In reviewing the literature, Book found sea levels are rising by only 3 to 3.6 millimeters per year, not the computer-model-generated runaway rate of 25 millimeters cited in most stories claiming small-island nations are being submerged by rising seas. Even more importantly (and unsurprisingly), Book found most island nations are taking adaptive measures to harden themselves against sea level rise instead of acting helpless and doing nothing about it. “Globally speaking, the world is reclaiming more area from the oceans than the rising tides swallow,” Book writes. Research from far-flung locations in the Netherlands, Vietnam, and island chains in Tuvalu, the Marshall Islands, and the Maldives shows these areas are gaining land mass and their populations, infrastructure, and economies are growing despite the (slowly) rising seas.
“Despite gradual sea level rise, the most low-lying island nations on the planet are growing—they are adapting to rising sea levels and overcoming the changes that their natural environment presents to them,” Book writes.
SOURCES: Human Progress
COAL AND GAS MAKE A COMEBACK IN EUROPE
Russia’s invasion of Ukraine is forcing Europe to reconsider its commitment to ending fossil fuel use. Countries from Denmark to Germany and beyond are reopening coal plants once shuttered to fight climate change and are restarting or advancing plans for domestic natural gas development.
France 24 reports Austria, Germany, and the Netherlands are removing all restrictions on the use of coal to fuel power plants and are reopening shuttered plants to keep their electric power grids from collapsing because of the loss of Russian natural gas upon which each country had become reliant.
“The cabinet has decided to immediately withdraw the restriction on production for coal-fired power stations from 2002 to 2024,” Rob Jetten, the Dutch minister for climate and energy policy, told journalists, France 24 reports.
Before the announcement, the Netherlands had limited fossil fuel plants to providing no more than a third of the electric power generated in the country.
While reaffirming its commitment to phase out coal use by 2030, Germany announced it was restarting previously shuttered coal power plants after Gazprom cut deliveries via the Nord Stream gas pipeline last week.
Green Party representative Robert Habeck, vice chancellor of Germany and federal minister for economic affairs and climate action, told France 24 the government’s decision to revert to coal was ‘bitter, but indispensable for reducing gas consumption.'”

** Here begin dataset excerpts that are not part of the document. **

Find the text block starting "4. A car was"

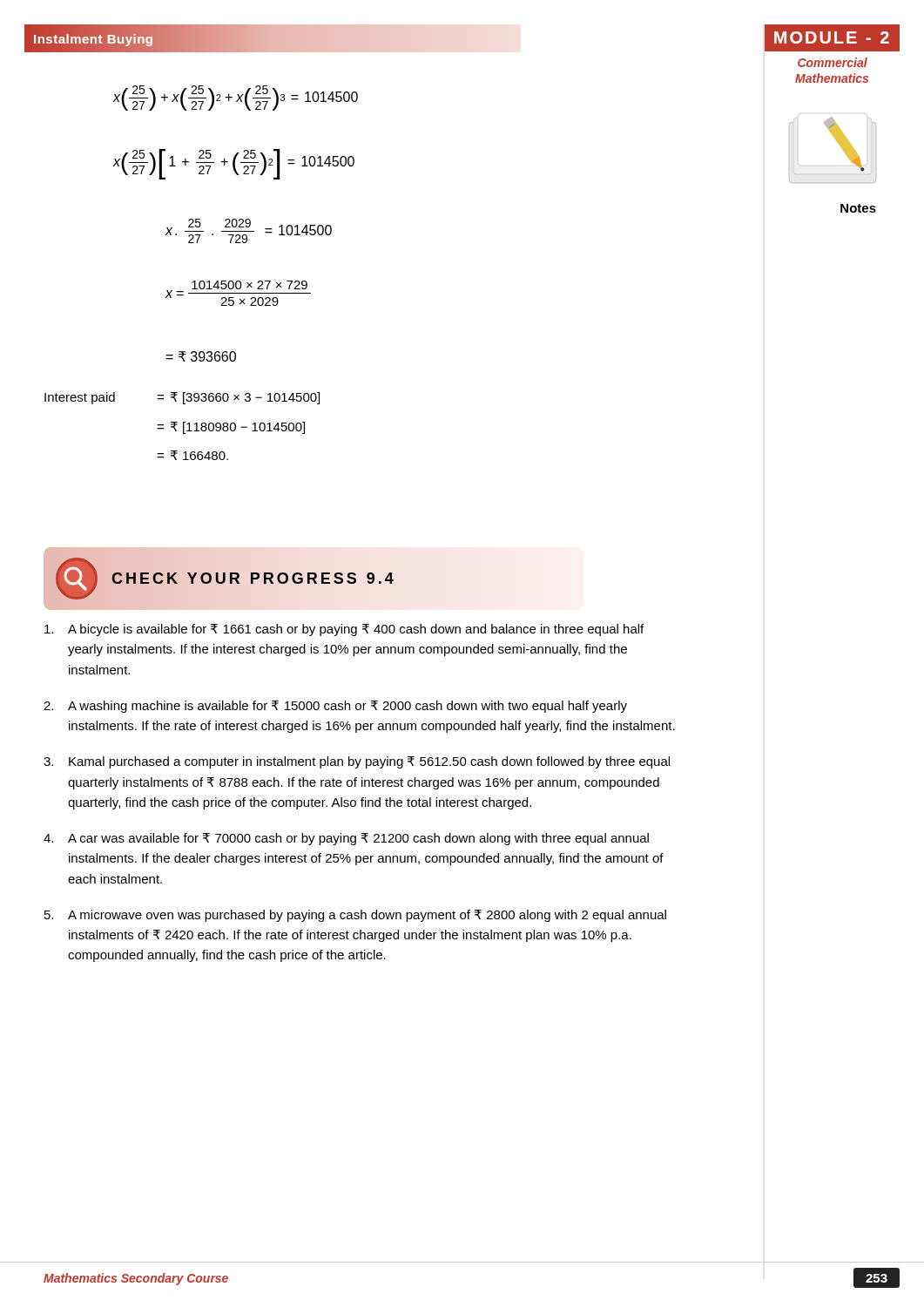[x=361, y=858]
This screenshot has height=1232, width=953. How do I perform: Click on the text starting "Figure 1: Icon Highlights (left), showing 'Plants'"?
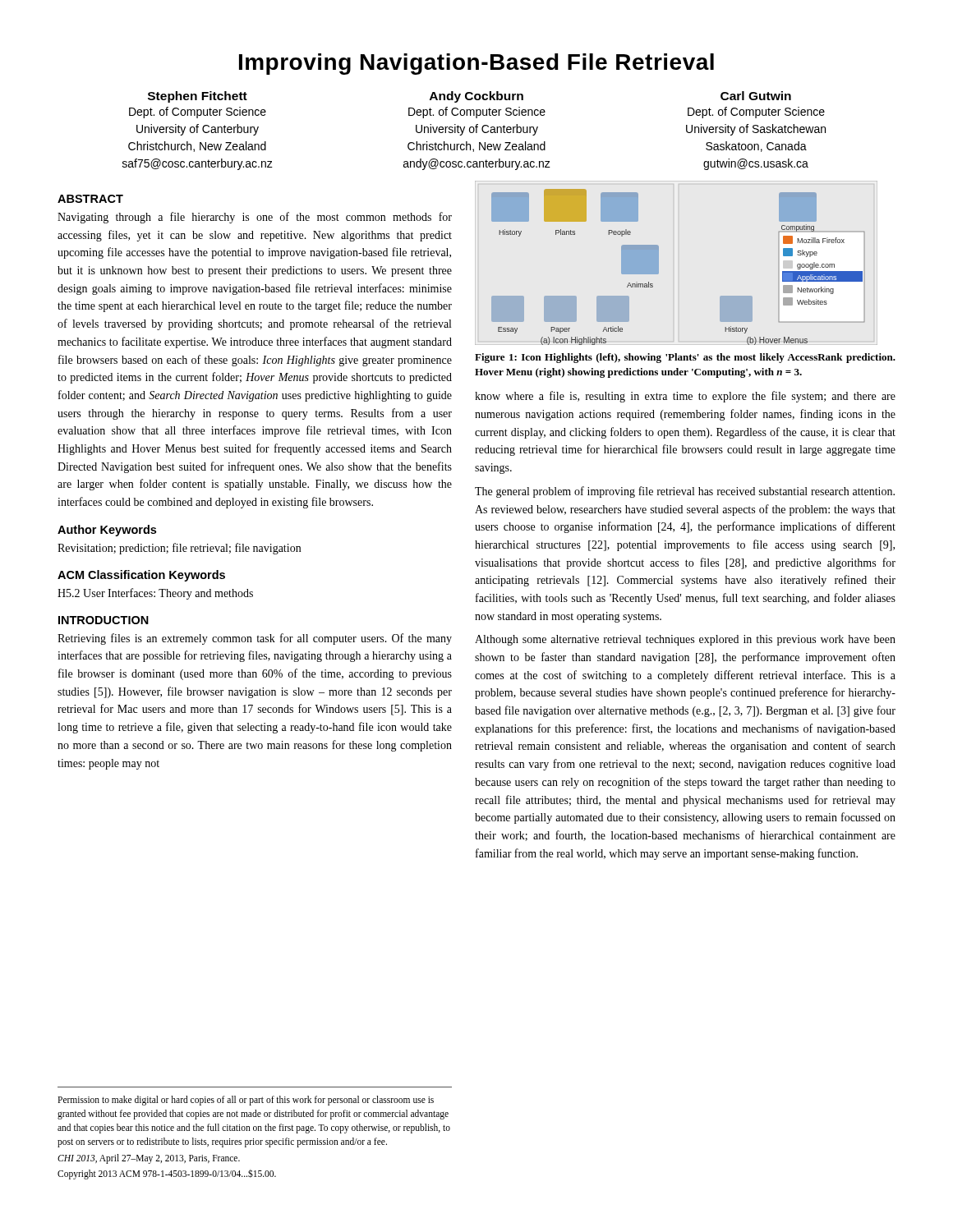point(685,364)
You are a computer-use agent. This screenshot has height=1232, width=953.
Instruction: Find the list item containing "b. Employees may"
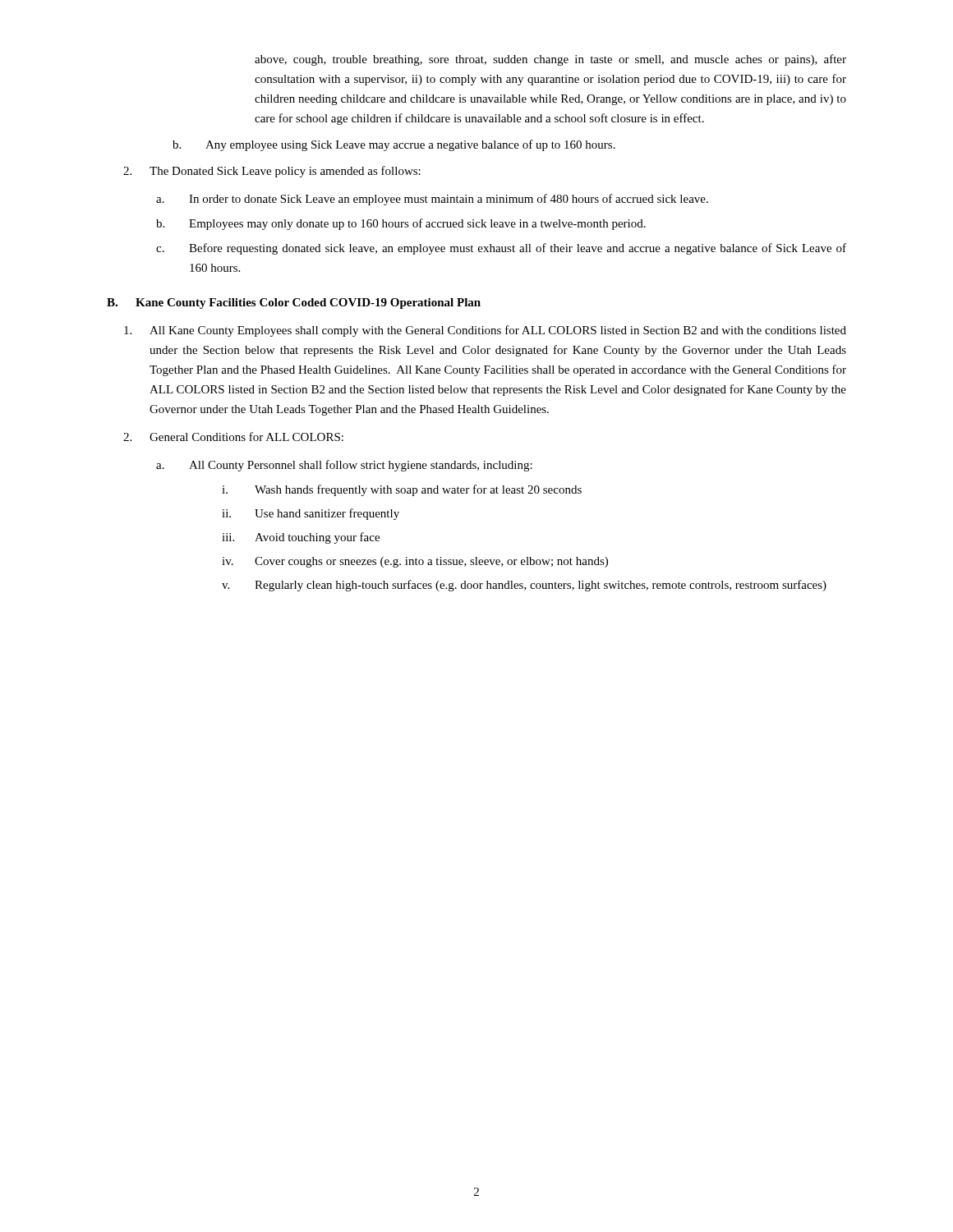(501, 223)

Austria announced it was working with the country’s main electricity supplier to bring a closed coal-fueled power station in the southern city of Mellach back online because of the loss of natural gas from Russia.
In addition to addressing electric power shortfalls tied to the war in Ukraine, some European countries are moving to produce domestic supplies of gas to ensure they are not left without power in the event of other crises limiting access to foreign energy, Euractiv reports.
The Dutch, for example, announced a joint Dutch-German North Sea natural gas drilling operation that had been blocked by the German state of Lower Saxony was now moving forward, the German state having withdrawn its objections. Drilling is expected to begin in 2024.
In addition, Albania, Italy, Romania, and Slovakia are all moving forward with plans to develop domestic reserves of natural gas, Euractiv reports.
For many EU governments, energy security, or at least the desire to have electric power and thus stay in political power, are evidently trumping climate commitments.